=== DATA EXTRACTS ===
***

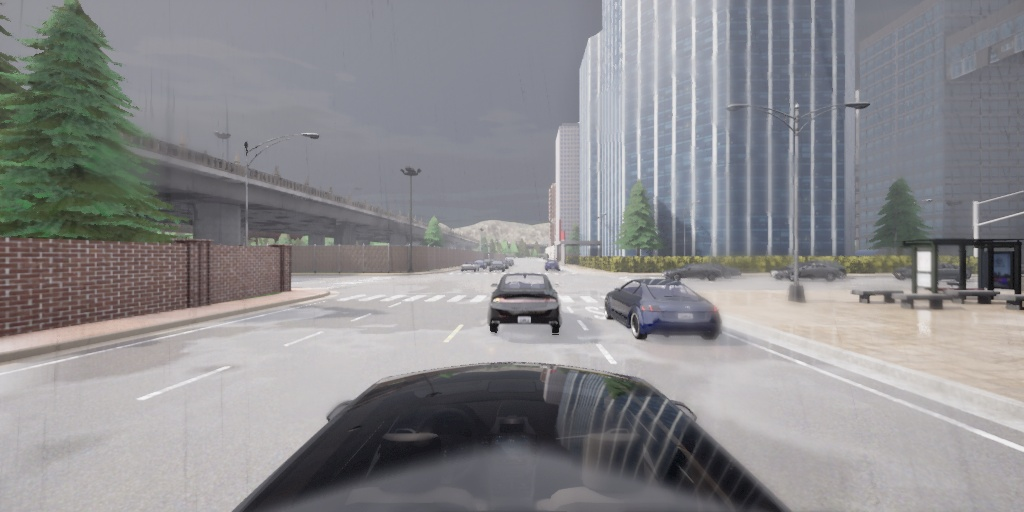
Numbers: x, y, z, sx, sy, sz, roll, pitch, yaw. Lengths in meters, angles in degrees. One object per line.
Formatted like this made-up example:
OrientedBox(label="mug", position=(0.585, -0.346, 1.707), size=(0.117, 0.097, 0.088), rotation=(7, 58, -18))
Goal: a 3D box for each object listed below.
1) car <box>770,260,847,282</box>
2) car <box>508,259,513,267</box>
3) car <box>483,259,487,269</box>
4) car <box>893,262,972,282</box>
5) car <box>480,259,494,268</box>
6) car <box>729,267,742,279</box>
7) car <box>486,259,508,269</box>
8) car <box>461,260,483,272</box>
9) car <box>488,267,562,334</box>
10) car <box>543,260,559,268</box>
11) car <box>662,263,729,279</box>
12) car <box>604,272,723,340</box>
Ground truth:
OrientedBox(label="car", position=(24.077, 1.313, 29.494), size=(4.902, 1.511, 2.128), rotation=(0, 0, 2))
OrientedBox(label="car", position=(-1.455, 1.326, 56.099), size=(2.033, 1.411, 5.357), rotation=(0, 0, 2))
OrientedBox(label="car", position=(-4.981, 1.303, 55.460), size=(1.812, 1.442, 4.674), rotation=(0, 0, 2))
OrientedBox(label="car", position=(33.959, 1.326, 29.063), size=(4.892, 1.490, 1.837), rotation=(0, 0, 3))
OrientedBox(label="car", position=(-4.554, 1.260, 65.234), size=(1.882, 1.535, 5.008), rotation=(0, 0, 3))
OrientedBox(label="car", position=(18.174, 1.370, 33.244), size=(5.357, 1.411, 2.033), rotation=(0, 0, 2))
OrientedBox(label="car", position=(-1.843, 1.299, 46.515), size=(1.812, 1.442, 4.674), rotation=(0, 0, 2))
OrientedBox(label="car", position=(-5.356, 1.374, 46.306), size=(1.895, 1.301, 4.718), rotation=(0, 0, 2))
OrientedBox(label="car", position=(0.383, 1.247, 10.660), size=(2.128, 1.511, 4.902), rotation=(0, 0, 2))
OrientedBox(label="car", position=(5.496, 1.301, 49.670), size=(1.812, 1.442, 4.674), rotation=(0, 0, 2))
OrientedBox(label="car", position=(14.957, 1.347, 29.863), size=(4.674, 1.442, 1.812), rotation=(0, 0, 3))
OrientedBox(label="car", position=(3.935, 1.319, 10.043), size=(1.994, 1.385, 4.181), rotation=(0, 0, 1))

***

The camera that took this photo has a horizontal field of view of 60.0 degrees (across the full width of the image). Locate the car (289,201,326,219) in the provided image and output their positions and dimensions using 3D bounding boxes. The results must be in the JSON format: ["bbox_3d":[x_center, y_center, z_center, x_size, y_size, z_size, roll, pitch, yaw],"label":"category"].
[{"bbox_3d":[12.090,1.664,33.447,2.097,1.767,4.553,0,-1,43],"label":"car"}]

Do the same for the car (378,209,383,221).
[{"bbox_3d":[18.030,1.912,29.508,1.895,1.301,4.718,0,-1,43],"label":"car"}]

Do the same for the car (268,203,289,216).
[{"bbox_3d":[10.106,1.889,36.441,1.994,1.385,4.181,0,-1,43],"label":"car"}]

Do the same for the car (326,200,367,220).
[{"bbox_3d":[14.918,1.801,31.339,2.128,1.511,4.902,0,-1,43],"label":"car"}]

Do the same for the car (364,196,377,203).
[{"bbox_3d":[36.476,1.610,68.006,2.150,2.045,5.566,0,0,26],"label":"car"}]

***

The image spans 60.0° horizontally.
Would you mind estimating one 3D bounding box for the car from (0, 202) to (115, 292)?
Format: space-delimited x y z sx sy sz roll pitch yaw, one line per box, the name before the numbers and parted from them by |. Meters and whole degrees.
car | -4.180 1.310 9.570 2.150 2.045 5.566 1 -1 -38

***

=== GOAL OF THE EXERCISE ===
A single number is expected: the count of lines in the entries that carry the string "object".

=== ANSWER TO THE EXERCISE ===
2